On 23 January 1719, after the purchase had been made, Charles VI as Holy Roman Emperor decreed Vaduz and Schellenberg to be united and raised to the dignity of a Principality by the name of "Liechtenstein", in honour of "[his] true servant, Anton Florian of Liechtenstein". On this date, Liechtenstein became a member state of the Holy Roman Empire.
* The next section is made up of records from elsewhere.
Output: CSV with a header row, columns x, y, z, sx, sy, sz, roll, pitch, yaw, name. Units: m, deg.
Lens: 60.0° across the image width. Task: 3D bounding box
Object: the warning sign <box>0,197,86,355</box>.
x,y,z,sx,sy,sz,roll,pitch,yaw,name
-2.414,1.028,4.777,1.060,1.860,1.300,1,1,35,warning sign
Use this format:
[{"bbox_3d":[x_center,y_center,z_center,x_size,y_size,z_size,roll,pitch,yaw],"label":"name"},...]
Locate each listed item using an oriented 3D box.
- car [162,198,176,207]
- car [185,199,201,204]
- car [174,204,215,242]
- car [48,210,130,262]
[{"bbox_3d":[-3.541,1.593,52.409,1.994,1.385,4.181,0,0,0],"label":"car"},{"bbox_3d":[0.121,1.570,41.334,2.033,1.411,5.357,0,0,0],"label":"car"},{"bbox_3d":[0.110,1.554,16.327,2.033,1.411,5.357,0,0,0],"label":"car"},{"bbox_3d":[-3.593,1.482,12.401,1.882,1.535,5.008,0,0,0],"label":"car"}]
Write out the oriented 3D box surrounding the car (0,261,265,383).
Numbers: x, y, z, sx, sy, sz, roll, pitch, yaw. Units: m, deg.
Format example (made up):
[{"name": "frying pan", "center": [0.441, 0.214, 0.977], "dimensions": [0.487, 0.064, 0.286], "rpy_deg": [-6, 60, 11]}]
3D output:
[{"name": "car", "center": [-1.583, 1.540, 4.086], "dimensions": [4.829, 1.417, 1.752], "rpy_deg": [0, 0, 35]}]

The Princes of Liechtenstein did not set foot in their new principality for several decades, a testament to the pure political expediency of the purchases.
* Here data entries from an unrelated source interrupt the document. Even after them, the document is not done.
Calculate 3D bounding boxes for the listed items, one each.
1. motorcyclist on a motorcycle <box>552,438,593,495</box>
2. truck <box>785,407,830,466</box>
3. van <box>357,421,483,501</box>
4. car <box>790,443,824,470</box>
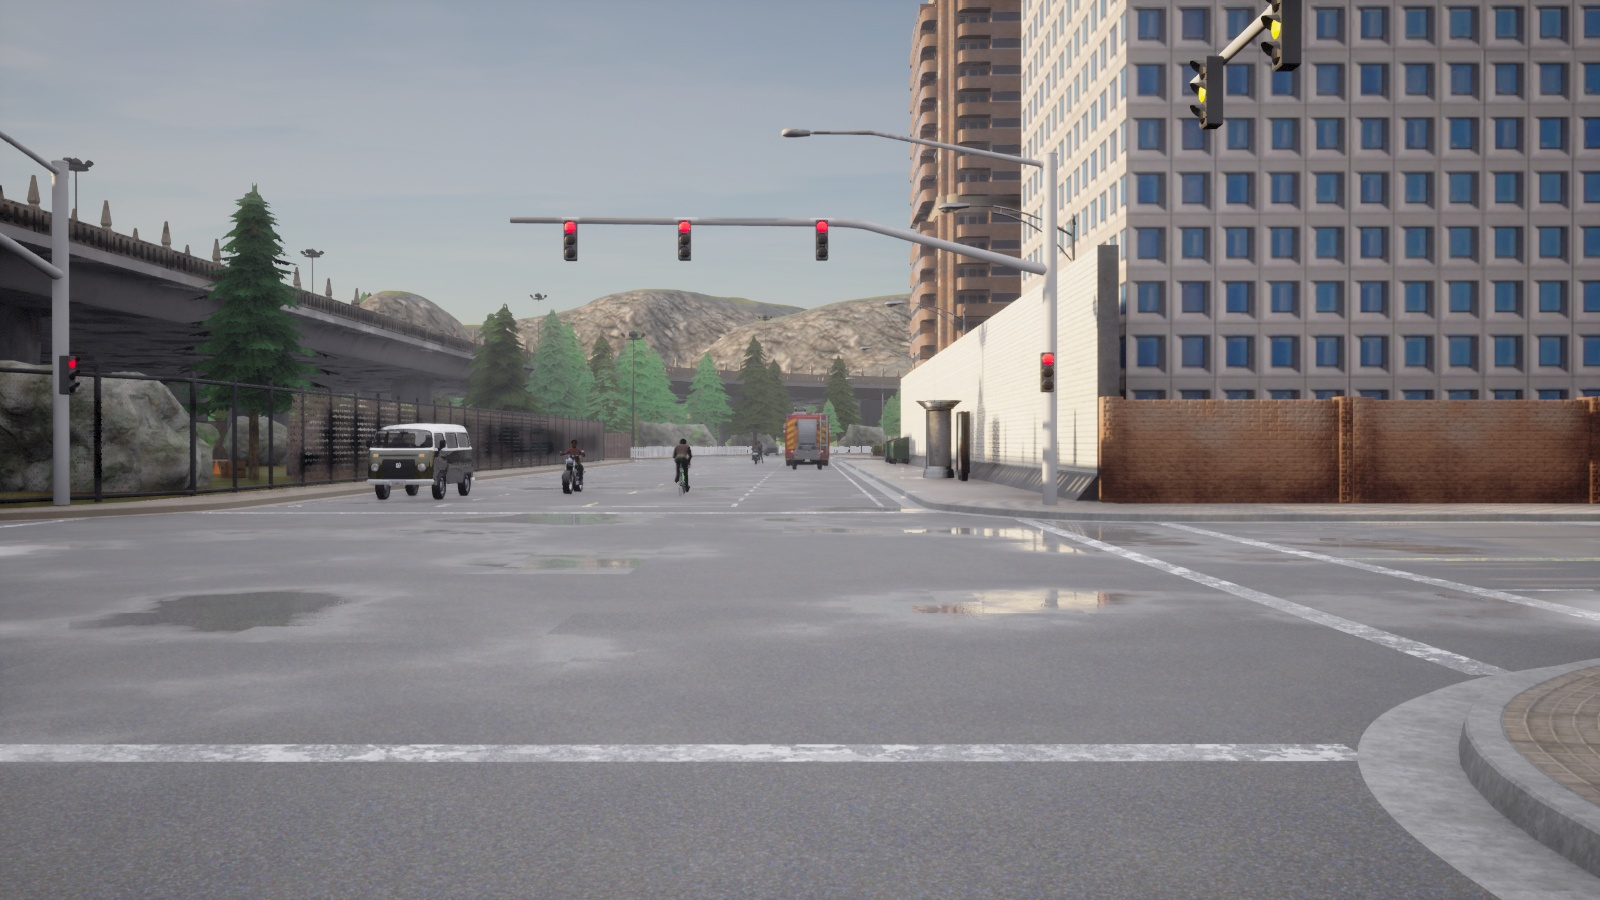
[{"bbox_3d":[-6.781,0.480,37.514,0.766,1.649,2.350,0,0,0],"label":"motorcyclist on a motorcycle"},{"bbox_3d":[0.478,-0.897,84.906,2.891,3.827,8.468,0,0,0],"label":"truck"},{"bbox_3d":[-10.298,0.267,34.391,2.069,2.038,4.480,0,0,0],"label":"van"},{"bbox_3d":[0.403,0.360,71.176,1.845,1.501,3.633,0,0,0],"label":"car"}]

According to the Constitution of the Princely House of Liechtenstein of 26 October 1993, all members other than the reigning prince shall bear the titles of Prince or Princess of Liechtenstein and Count or Countess of Rietberg.
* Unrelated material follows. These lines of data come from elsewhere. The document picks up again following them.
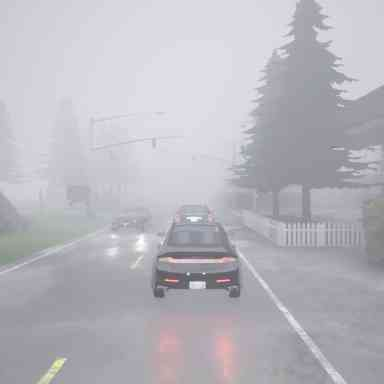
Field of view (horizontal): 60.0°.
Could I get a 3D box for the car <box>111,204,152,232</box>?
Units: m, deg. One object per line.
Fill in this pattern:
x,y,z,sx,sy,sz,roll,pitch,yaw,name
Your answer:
-3.522,1.507,20.159,1.837,1.490,4.892,0,-1,1,car

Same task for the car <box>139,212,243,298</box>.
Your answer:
0.100,1.492,8.517,2.128,1.511,4.902,0,0,0,car

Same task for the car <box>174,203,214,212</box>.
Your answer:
0.101,1.352,17.670,2.097,1.767,4.553,0,0,0,car

21st-century princely family (closest members)

The Prince (the monarch)
The Hereditary Prince and Hereditary Princess (the Prince's son and daughter-in-law)
 Prince Joseph Wenzel (the Prince's grandson)
 Princess Marie Caroline (the Prince's granddaughter)
 Prince Georg (the Prince's grandson)
 Prince Nikolaus (the Prince's grandson)
 Prince Maximilian and Princess Angela (the Prince's son and daughter-in-law)
 Prince Alfons (the Prince's grandson)
 Prince Constantin and Princess Marie (the Prince's son and daughter-in-law)
 Prince Moritz (the Prince's grandson)
 Princess Georgina (the Prince's granddaughter)
 Prince Benedikt (the Prince's grandson)
 Princess Tatjana and Baron Philipp von Lattorff (the Prince's daughter and son-in-law)
 Baron Lukas von Lattorff (the Prince's grandson)
 Elisabeth von Latorff (the Prince's granddaughter)
 Marie von Latorff (the Prince's granddaughter)
 Camilla von Latorff (the Prince's granddaughter)
 Anna von Latorff (the Prince's granddaughter)
 Sophie von Latorff (the Prince's granddaughter)
 Maximilian von Lattorff (the Prince's grandson)
 Prince Philipp and Princess Isabelle (the Prince's brother and sister-in-law)
 Prince Alexander and Princess Astrid (the Prince's nephew and niece-in-law)
 Princess Theodora (the Prince's great-niece)
 Prince Wenzeslaus (the Prince's nephew)
 Prince Rudolf and Princess Tılsım (the Prince's nephew and niece-in-law)
 Princess Laetitia (the Prince's great-niece)
 Prince Karl Ludwig (the Prince's great-nephew)
 Prince Nikolaus and Princess Margaretha (the Prince's brother and sister-in-law)
 Princess Maria-Anunciata and Emanuele Musini (the Prince's niece and nephew-in-law)
 Princess Marie-Astrid and Raphael Worthington (the Prince's niece and nephew-in-law)
 Althaea Worthington (the Prince's great-niece).
 Prince Josef-Emanuel and Princess Maria Claudia (the Prince's nephew and niece-in-law)
The Dowager Marchioness of Mariño (the Prince's sister)
 María Teresa Sartorius y Liechtenstein (the Prince's niece)

Tree list
Below are all male and male-line dynastic descendants of Johann I Joseph, Prince of Liechtenstein. The numbers represent the positions in the line of succession.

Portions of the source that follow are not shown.